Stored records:
---*---

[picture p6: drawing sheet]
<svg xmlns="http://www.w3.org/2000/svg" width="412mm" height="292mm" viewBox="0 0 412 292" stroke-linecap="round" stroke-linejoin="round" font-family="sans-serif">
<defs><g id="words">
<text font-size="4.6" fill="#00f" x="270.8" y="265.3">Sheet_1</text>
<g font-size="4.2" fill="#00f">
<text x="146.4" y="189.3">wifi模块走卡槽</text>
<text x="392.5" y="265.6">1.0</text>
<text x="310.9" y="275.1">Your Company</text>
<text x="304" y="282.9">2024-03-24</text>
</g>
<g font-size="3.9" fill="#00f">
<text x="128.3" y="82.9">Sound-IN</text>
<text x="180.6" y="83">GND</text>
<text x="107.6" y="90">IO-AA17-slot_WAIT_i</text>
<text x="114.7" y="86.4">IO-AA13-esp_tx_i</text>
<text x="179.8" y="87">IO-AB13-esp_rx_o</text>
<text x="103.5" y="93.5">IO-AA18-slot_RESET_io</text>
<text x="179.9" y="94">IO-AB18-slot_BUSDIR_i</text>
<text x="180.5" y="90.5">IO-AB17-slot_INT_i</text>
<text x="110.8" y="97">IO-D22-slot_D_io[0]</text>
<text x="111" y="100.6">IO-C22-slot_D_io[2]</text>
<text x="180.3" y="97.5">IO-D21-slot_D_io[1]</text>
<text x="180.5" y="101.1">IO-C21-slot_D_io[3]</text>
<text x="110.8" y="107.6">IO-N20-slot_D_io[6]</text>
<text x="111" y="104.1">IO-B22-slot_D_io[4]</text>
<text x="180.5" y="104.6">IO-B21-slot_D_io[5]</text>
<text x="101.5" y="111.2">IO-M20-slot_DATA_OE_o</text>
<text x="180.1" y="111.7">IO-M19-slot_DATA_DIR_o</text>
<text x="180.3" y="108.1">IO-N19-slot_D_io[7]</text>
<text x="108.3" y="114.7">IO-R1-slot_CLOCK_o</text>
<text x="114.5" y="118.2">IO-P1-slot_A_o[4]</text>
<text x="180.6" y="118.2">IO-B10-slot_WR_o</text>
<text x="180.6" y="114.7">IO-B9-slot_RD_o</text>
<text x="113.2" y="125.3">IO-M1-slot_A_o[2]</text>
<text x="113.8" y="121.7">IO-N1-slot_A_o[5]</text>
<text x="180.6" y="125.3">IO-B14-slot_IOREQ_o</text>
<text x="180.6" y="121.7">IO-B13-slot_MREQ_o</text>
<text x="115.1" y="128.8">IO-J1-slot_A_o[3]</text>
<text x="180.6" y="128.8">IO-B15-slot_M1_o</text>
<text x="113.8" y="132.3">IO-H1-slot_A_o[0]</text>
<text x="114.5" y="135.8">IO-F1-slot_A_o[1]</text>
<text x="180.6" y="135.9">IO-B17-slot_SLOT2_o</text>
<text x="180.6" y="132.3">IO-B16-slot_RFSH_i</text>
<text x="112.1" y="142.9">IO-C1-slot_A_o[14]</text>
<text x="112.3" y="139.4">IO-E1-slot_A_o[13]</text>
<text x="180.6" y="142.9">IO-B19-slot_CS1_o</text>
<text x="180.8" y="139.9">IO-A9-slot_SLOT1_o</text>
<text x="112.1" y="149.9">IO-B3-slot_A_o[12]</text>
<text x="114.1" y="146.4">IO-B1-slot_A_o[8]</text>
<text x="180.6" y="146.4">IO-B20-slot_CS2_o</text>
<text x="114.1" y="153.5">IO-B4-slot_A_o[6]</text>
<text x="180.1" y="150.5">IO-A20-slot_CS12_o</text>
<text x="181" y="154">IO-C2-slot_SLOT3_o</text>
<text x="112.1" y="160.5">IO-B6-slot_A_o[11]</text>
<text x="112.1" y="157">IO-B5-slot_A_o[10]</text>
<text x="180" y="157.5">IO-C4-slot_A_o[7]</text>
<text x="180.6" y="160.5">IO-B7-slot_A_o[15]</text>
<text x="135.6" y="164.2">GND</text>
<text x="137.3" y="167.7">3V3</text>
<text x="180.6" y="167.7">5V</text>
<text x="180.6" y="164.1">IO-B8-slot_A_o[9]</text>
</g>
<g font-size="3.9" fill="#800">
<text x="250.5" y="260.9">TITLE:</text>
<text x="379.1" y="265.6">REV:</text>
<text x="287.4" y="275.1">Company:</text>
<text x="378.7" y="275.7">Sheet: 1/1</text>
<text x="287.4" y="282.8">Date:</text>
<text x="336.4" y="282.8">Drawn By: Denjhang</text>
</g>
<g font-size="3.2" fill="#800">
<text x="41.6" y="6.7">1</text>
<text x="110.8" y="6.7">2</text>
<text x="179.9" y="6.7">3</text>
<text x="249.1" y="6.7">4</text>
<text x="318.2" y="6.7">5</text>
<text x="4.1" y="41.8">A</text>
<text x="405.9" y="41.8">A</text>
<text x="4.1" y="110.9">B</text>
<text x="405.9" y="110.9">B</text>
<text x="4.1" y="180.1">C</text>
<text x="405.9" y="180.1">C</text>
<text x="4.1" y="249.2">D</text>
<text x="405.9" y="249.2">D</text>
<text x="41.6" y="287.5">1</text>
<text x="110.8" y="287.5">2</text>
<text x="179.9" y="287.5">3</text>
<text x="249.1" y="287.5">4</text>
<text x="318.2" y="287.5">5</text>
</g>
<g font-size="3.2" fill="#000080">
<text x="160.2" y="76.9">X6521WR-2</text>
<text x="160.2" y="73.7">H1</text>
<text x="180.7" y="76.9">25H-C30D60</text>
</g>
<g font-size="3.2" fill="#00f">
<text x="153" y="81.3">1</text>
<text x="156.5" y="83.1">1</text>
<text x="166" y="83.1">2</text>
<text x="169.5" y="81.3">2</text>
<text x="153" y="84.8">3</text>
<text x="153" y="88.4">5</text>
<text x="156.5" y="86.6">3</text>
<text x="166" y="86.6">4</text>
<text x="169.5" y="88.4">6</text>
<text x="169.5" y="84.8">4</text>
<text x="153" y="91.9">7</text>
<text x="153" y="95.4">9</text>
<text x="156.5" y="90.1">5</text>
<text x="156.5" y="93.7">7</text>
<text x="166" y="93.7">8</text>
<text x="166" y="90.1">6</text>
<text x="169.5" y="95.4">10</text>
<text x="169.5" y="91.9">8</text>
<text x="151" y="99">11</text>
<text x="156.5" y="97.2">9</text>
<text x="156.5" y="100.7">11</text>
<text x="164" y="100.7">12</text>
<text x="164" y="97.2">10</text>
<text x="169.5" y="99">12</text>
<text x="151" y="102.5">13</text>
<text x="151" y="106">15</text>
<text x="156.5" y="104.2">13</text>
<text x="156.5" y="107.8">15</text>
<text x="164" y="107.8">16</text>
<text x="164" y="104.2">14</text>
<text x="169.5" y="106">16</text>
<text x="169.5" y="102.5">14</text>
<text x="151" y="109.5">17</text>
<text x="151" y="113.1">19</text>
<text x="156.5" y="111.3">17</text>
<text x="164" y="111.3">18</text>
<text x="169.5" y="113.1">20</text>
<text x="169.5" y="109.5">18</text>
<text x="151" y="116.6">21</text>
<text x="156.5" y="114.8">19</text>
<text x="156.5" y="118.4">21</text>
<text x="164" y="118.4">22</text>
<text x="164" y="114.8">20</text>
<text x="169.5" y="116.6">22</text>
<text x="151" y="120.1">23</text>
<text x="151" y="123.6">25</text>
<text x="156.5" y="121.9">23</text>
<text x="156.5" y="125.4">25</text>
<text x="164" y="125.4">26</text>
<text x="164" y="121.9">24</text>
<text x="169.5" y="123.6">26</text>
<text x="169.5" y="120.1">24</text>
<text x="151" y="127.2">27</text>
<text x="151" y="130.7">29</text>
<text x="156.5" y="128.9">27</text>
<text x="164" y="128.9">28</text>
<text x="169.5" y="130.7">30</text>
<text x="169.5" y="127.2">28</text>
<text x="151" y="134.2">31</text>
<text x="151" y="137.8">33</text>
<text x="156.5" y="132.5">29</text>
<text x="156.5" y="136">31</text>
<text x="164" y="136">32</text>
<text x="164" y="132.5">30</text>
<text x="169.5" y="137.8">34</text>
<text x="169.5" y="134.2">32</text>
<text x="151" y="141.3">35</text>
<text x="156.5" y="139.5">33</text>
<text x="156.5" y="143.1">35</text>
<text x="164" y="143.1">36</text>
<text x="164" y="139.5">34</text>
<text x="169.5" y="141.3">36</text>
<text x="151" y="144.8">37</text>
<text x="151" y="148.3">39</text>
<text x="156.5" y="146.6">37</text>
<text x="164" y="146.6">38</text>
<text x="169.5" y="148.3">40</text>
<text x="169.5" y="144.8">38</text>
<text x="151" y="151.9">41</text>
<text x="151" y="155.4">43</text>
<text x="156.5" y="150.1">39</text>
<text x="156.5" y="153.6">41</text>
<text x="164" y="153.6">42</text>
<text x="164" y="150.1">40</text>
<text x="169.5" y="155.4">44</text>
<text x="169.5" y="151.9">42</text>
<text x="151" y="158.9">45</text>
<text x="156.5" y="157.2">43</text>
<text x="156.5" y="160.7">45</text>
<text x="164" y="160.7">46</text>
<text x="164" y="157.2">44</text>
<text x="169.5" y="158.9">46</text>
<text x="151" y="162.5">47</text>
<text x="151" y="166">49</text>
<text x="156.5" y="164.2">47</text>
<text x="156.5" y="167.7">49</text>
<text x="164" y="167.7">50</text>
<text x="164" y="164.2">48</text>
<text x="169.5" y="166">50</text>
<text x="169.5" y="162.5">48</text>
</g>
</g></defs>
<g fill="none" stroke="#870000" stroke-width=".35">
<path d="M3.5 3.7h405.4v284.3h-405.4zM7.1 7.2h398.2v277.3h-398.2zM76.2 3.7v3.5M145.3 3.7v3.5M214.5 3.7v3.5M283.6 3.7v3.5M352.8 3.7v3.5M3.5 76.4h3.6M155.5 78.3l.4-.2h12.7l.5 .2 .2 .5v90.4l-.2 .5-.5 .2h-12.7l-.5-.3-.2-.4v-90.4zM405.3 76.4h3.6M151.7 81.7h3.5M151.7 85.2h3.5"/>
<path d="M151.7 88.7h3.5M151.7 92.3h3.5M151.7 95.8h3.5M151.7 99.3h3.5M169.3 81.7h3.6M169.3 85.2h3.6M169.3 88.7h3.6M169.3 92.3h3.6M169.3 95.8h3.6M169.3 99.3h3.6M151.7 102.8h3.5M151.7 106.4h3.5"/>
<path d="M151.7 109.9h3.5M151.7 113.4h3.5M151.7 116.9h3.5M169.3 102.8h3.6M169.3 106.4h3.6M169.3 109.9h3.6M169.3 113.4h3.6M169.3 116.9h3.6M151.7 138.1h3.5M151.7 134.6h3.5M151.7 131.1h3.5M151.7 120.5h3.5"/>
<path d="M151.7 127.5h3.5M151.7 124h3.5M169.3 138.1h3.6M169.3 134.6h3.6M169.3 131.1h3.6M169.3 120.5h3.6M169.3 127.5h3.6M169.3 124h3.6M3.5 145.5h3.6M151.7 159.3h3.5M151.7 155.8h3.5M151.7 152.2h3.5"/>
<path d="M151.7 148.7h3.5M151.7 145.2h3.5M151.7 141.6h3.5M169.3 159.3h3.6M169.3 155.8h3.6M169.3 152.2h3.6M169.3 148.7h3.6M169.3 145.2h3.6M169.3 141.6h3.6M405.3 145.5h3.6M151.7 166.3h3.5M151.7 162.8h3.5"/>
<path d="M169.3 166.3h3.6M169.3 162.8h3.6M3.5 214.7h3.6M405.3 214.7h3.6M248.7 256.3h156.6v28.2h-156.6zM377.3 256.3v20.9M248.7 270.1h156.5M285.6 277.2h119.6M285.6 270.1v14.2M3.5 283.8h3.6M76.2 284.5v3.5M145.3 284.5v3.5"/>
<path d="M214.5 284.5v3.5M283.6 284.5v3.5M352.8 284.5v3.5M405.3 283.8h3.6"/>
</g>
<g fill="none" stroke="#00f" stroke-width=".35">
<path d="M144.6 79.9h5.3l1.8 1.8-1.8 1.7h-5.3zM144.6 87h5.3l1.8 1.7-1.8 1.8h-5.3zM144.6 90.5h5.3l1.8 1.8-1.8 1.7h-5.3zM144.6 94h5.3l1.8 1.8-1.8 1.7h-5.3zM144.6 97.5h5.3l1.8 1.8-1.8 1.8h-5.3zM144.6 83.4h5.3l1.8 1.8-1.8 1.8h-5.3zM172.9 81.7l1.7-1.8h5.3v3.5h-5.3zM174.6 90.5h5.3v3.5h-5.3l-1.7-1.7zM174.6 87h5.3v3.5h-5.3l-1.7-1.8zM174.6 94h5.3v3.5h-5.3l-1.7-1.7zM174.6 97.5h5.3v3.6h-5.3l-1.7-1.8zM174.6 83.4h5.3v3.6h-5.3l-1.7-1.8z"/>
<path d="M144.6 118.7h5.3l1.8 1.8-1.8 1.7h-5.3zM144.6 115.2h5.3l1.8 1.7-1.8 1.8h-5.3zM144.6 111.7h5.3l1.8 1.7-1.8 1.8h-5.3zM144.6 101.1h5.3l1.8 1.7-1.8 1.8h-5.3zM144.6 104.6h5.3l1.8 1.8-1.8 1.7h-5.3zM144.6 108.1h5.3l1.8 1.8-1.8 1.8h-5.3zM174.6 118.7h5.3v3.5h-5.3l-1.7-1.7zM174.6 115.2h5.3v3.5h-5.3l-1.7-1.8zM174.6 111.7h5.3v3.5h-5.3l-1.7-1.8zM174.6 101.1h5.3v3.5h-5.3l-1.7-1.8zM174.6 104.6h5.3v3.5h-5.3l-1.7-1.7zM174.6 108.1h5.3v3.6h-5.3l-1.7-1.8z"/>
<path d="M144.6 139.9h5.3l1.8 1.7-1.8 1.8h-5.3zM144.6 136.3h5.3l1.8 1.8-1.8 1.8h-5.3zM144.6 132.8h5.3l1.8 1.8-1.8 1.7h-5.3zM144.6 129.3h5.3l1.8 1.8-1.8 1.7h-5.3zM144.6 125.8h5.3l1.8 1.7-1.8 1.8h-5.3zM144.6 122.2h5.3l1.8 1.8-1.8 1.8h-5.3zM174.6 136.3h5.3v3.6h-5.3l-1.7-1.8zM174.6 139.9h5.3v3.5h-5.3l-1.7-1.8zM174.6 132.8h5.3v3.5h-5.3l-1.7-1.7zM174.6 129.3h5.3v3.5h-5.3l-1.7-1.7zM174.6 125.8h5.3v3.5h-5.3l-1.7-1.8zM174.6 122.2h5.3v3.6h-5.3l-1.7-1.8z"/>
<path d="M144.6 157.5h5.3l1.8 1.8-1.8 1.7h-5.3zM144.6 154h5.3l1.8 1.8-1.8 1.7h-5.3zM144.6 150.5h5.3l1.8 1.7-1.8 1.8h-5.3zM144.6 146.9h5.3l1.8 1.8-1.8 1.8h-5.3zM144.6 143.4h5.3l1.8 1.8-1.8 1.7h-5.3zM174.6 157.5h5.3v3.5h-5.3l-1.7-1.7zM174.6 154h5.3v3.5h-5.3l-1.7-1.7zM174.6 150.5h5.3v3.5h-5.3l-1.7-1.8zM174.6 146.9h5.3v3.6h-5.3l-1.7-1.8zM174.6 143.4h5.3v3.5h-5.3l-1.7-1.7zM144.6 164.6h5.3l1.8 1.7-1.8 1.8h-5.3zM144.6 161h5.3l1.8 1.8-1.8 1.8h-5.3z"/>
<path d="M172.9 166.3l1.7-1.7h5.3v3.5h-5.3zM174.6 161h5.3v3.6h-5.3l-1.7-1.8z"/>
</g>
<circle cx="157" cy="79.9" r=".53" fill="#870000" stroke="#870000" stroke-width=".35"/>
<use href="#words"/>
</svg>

---*---

### TASK
A single integer is the expected output: the number of lines in the data that include the word "width".

### EXERCISE RESPONSE
4